Pinning algorithm.adv_estimator=flow_grpo and actor_rollout_ref.actor.diffusion_loss.loss_mode=flow_grpo keeps the adapter dispatch on mix_grpo while the estimator/loss stay on the existing FlowGRPO implementations.

Field semantics

actor_rollout_ref.model.algorithm – selects the registered (architecture, algorithm) adapter pair. mix_grpo routes to verl_omni/pipelines/qwen_image_mix_grpo/.
noise_level – magnitude of injected SDE noise inside the window. Outside the window noise_level is forced to 0 so the step degenerates to a deterministic Euler ODE step.
sde_type – sde (FlowGRPO formulation) or cps (Coefficients-Preserving Sampling).
sde_window_size – length of the active SDE window, called “group size” in MixGRPO. null means “use the entire trajectory” (the legacy FlowGRPO setting).
sde_window_range – a [start, end] envelope of valid window-start positions:
- Under random, the rollout backend draws the start uniformly from [start, end - sde_window_size + 1).
- Under progressive, the same envelope clamps the deterministic sliding window.
- null defaults to the full trajectory [0, num_inference_steps] (minus the last ODE step where sigma_prev = 0).
sample_strategy – MixGRPO only. random draws a fresh window per step (seeded so all ranks agree); progressive advances the window by sde_window_size every iters_per_group iterations.
iters_per_group – MixGRPO progressive only. Number of training iterations spent at each window position.
sde_window_seed – MixGRPO random only. Base seed for the per-step random window draws. Distinct from the rollout generator seed (val_kwargs.seed) so the two random streams stay decoupled.

Validation

Validation always uses the deterministic ODE path with noise_level=0, so the sliding-window settings are irrelevant there.

Reference recipe

A ready-to-run script is provided at examples/mixgrpo_trainer/qwen_image/run_qwen_image_ocr_lora_mixgrpo.sh.
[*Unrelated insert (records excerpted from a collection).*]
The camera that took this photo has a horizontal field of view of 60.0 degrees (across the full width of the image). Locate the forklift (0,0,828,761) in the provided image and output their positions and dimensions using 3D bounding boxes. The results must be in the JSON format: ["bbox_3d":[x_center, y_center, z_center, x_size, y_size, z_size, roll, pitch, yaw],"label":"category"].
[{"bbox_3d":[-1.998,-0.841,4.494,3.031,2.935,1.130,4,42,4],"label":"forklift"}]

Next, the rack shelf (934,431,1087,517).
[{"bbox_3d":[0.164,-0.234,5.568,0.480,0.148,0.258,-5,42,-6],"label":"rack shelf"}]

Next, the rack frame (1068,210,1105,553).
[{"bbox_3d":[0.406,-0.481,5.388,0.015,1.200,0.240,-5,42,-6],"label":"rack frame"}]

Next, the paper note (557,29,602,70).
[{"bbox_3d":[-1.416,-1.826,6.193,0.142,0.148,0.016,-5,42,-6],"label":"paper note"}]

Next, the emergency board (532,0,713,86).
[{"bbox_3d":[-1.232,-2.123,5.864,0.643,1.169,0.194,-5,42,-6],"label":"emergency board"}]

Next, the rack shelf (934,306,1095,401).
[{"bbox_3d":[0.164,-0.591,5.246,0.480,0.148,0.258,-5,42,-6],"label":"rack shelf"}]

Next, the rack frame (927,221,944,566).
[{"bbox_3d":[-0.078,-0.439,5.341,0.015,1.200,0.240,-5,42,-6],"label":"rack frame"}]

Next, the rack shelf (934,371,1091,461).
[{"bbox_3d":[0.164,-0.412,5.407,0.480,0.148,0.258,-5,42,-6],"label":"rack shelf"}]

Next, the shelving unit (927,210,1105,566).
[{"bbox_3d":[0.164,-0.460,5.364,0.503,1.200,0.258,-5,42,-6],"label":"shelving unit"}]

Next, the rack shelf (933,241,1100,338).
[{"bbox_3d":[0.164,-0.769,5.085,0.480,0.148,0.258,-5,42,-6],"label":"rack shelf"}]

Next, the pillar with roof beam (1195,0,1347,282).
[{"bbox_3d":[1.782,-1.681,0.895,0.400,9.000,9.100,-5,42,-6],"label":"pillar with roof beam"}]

The default config uses a 10-step trajectory with a 2-step window (random strategy), matching the FlowGRPO baseline’s inference budget:

algorithm.adv_estimator=flow_grpo
actor_rollout_ref.model.algorithm=mix_grpo
actor_rollout_ref.actor.diffusion_loss.loss_mode=flow_grpo
actor_rollout_ref.rollout.algo.sample_strategy=random
actor_rollout_ref.rollout.algo.sde_window_seed=42
actor_rollout_ref.rollout.algo.sde_window_size=2
actor_rollout_ref.rollout.algo.sde_window_range=[0,5]
actor_rollout_ref.rollout.algo.noise_level=1.2
actor_rollout_ref.rollout.algo.sde_type=sde

The first and third lines pin the cascaded estimator/loss back to flow_grpo; see Caveat: cascade vs. validators.

Tuning guide

The two most impactful parameters are num_inference_steps (rollout trajectory length) and sde_window_size (how many steps use SDE).
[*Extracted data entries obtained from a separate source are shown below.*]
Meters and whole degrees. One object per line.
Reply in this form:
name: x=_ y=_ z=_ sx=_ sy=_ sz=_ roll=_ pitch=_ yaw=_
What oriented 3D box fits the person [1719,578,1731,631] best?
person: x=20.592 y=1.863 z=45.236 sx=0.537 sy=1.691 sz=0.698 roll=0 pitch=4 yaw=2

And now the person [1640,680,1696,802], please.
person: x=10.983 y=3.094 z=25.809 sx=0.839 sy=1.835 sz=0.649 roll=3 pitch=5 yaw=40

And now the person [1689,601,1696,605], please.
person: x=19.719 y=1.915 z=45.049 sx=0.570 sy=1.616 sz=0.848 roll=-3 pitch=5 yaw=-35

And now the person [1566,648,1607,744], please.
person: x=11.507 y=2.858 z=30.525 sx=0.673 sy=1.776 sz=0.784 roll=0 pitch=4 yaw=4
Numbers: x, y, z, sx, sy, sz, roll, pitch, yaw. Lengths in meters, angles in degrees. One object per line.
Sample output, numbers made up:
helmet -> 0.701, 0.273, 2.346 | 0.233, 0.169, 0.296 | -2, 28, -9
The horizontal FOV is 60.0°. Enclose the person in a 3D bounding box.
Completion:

Setting	`num_inference_steps`	`sde_window_size`	`sample_strategy`	Speed	Quality
Fast (default)	10	2	`random`	~7 min/step	Good — matches FlowGRPO budget
Long trajectory	50	4	`progressive`	~23 min/step	Higher reward baseline, but gradients are diluted (only 8% of trajectory is SDE)

Guidelines:

Start with the default (10 steps, window 2). This gives the fastest iteration and strongest learning signal per step because a larger fraction of the trajectory contributes to gradients.
Increase num_inference_steps (e.g. 50) when image quality at rollout time is important and you can afford the wall-clock cost. Pair with a proportionally larger sde_window_size (e.g. 4) to keep the gradient signal strong.
sde_window_size / num_inference_steps ratio controls the trade-off: a higher ratio means more gradient signal per step but higher SDE cost; a lower ratio is cheaper but gradients are noisier.
sample_strategy: use random for short trajectories (window positions are already well-covered); use progressive with iters_per_group for long trajectories to ensure systematic coverage.
Validation always uses the deterministic ODE path (noise_level=0) regardless of training settings.

References

MixGRPO: J. Li et al., MixGRPO: Unlocking Flow-based GRPO Efficiency with Mixed ODE-SDE, arXiv:2507.21802.
MixGRPO repo: https://github.com/Tencent-Hunyuan/MixGRPO.
FlowGRPO: Y. Liu et al., Flow-GRPO: Training Flow Matching Models via Online RL, arXiv:2505.05470.
Coefficients-Preserving Sampling: arXiv:2509.05952.